**Aim of the exercise:** Among the records that follow, set down only the lines from the one containing "Numbers: x, y, z, sx, sy, sz, roll, pitch, yaw. x" to the one containing "x right, y down, z forward, in metres;", both included, exactly.

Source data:
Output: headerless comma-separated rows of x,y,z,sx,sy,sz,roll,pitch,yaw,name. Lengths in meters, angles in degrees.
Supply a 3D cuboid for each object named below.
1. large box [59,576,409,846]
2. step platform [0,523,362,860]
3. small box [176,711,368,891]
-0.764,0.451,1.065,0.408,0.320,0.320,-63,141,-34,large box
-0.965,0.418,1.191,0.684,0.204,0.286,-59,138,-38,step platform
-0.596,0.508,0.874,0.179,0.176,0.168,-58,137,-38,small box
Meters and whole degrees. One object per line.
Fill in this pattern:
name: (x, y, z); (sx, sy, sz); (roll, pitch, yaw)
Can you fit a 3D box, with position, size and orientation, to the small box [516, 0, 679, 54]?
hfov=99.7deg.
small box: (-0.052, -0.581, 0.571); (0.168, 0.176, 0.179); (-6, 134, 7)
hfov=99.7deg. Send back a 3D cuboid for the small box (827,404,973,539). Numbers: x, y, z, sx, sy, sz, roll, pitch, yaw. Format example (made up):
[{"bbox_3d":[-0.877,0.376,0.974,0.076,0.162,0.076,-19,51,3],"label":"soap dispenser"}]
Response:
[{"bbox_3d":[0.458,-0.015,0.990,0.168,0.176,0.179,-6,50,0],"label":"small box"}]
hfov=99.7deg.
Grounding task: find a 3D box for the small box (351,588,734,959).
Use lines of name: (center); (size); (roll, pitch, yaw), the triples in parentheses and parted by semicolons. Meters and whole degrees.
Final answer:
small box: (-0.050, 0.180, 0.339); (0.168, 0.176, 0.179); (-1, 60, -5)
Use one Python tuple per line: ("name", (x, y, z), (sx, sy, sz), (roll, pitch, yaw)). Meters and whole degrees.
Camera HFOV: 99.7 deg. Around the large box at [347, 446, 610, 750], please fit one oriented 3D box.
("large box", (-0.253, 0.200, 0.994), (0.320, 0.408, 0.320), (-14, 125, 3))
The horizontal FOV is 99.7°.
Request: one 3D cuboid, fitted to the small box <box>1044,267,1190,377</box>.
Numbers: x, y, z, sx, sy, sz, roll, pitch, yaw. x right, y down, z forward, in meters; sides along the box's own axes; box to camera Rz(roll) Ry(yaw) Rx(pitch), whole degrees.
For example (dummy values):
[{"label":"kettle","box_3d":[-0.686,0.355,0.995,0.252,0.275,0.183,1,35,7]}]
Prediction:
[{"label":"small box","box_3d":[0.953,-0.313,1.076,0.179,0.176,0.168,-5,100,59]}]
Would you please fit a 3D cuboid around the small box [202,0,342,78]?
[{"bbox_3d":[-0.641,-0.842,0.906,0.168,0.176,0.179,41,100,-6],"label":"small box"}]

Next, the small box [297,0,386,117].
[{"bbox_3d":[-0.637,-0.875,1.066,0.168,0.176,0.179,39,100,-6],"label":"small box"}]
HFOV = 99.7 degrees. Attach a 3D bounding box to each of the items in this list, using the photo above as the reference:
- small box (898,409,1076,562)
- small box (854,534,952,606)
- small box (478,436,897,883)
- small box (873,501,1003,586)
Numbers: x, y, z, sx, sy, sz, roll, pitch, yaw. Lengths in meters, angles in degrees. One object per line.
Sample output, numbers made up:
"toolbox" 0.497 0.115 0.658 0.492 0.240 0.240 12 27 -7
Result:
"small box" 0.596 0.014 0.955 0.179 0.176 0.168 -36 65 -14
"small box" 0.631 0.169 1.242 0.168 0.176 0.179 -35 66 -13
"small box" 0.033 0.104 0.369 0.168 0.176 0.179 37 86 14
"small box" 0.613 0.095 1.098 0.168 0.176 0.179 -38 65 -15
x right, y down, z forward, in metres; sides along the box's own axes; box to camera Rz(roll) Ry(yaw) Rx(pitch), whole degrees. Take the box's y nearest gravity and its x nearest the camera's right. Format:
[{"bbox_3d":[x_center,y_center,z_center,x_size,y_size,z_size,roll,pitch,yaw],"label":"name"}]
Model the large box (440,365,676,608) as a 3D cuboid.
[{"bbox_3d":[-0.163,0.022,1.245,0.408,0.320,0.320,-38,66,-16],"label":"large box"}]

**Solution to this exercise:**
Numbers: x, y, z, sx, sy, sz, roll, pitch, yaw. x right, y down, z forward, in meters; sides along the box's own axes; box to camera Rz(roll) Ry(yaw) Rx(pitch), whole degrees.
For example (dummy values):
[{"label":"kettle","box_3d":[-0.686,0.355,0.995,0.252,0.275,0.183,1,35,7]}]
Prediction:
[{"label":"small box","box_3d":[0.953,-0.313,1.076,0.179,0.176,0.168,-5,100,59]}]
Would you please fit a 3D cuboid around the small box [202,0,342,78]?
[{"bbox_3d":[-0.641,-0.842,0.906,0.168,0.176,0.179,41,100,-6],"label":"small box"}]

Next, the small box [297,0,386,117].
[{"bbox_3d":[-0.637,-0.875,1.066,0.168,0.176,0.179,39,100,-6],"label":"small box"}]
HFOV = 99.7 degrees. Attach a 3D bounding box to each of the items in this list, using the photo above as the reference:
- small box (898,409,1076,562)
- small box (854,534,952,606)
- small box (478,436,897,883)
- small box (873,501,1003,586)
Numbers: x, y, z, sx, sy, sz, roll, pitch, yaw. Lengths in meters, angles in degrees. One object per line.
Sample output, numbers made up:
"toolbox" 0.497 0.115 0.658 0.492 0.240 0.240 12 27 -7
Result:
"small box" 0.596 0.014 0.955 0.179 0.176 0.168 -36 65 -14
"small box" 0.631 0.169 1.242 0.168 0.176 0.179 -35 66 -13
"small box" 0.033 0.104 0.369 0.168 0.176 0.179 37 86 14
"small box" 0.613 0.095 1.098 0.168 0.176 0.179 -38 65 -15
x right, y down, z forward, in metres; sides along the box's own axes; box to camera Rz(roll) Ry(yaw) Rx(pitch), whole degrees. Take the box's y nearest gravity and its x nearest the camera's right. Format:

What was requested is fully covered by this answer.